C
C#8mo ago
Eri…..

❔ Converting mails with a attached pdf to a txt file using OCR

What I'm creating is a software that when running it, it uses IMAP to access the specified email account and look for emails with a pdf attached to it, and convert that pdf to a txt file by using OCR to read the pdf text. I was wondering if anyone knew how to solve this error:
Processing PDF: output\Utenlandsbetaling-FERJE - OCRDrift-25.10.23 (1).pdf
OCR Process Error: Error in pixReadStream: Pdf reading is not supported
Error in pixRead: pix not read
Error during processing.

Extracted Text:
Error: Failed to extract text from Utenlandsbetaling-FERJE - OCRDrift-25.10.23 (1).pdf
Processing PDF: output\Utenlandsbetaling-FERJE - OCRDrift-25.10.23 (1).pdf
OCR Process Error: Error in pixReadStream: Pdf reading is not supported
Error in pixRead: pix not read
Error during processing.

Extracted Text:
Error: Failed to extract text from Utenlandsbetaling-FERJE - OCRDrift-25.10.23 (1).pdf
This is my C# code in a replit because it was too big to post here (Its also attached in a text file: https://replit.com/@ersor29/CSharp#main.cs
ersor29
replit
CSharp
Run C# code live in your browser.
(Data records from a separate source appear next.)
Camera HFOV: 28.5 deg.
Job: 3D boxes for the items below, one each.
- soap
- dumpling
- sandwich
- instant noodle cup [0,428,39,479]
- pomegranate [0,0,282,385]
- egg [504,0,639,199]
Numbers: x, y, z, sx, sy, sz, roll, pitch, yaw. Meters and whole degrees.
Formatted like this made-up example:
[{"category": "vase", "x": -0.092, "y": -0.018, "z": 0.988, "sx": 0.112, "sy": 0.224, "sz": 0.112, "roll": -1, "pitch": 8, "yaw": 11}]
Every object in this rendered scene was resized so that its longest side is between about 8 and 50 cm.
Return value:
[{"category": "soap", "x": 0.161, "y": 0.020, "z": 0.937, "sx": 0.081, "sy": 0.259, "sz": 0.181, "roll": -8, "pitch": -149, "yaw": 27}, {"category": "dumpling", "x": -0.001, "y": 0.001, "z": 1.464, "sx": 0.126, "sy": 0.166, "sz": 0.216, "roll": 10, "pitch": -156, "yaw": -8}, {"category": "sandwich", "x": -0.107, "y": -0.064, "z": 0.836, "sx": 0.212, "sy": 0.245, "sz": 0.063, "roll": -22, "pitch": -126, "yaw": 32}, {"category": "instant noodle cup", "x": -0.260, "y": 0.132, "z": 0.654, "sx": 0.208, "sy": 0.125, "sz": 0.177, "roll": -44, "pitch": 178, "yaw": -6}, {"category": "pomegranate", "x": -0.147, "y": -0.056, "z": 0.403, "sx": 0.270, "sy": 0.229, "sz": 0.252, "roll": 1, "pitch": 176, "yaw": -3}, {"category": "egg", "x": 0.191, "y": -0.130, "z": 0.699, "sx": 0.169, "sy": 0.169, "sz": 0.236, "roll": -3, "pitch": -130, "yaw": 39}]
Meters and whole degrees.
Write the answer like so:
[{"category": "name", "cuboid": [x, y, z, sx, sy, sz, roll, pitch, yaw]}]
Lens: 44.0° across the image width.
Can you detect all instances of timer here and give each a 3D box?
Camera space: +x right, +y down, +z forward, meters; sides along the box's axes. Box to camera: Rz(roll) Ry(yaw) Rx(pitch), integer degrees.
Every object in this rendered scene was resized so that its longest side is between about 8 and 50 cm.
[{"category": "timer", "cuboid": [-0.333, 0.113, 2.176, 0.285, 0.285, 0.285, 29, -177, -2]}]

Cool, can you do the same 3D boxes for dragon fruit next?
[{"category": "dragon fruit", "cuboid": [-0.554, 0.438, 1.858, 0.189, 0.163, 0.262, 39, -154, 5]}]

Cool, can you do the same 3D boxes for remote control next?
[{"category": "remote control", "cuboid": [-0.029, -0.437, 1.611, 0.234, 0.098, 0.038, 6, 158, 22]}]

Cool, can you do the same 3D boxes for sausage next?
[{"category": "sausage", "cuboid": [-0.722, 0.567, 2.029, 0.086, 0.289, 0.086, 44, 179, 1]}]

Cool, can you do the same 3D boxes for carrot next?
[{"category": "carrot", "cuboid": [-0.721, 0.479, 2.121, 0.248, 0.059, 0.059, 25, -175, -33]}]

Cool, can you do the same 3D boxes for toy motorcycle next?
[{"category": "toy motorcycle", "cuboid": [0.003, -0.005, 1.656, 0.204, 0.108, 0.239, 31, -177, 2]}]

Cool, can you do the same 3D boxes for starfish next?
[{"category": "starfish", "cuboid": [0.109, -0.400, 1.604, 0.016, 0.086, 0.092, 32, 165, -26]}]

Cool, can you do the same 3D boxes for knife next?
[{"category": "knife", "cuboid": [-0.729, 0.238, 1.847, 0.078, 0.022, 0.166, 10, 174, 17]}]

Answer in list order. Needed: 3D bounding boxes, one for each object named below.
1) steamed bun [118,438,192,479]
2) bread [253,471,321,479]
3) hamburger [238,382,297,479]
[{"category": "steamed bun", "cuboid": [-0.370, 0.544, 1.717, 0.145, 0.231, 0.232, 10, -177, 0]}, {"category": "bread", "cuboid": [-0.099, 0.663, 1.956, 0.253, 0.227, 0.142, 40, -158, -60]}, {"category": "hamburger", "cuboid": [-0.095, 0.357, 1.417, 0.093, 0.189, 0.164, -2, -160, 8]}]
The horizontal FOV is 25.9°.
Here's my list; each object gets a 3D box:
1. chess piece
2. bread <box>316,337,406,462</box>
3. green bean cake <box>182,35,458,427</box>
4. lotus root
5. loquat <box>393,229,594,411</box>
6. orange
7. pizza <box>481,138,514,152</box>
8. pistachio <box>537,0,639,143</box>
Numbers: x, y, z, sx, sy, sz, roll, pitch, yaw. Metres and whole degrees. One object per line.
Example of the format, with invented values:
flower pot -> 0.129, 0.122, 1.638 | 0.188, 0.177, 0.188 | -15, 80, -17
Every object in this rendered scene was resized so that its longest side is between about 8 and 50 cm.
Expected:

Write and run code in 50+ languages online with Replit, a powerful IDE, compiler, & interpreter.
4 Replies
SinFluxx
SinFluxx8mo ago
Guess you'd need the file you're trying to OCR to be one of those file types first
Eri…..
Eri…..8mo ago
Oh okay. I tried making it using python first, but i forgot im using pytesseract with that, not normal tesseract.... ty
Accord
Accord8mo ago
Was this issue resolved? If so, run /close - otherwise I will mark this as stale and this post will be archived until there is new activity.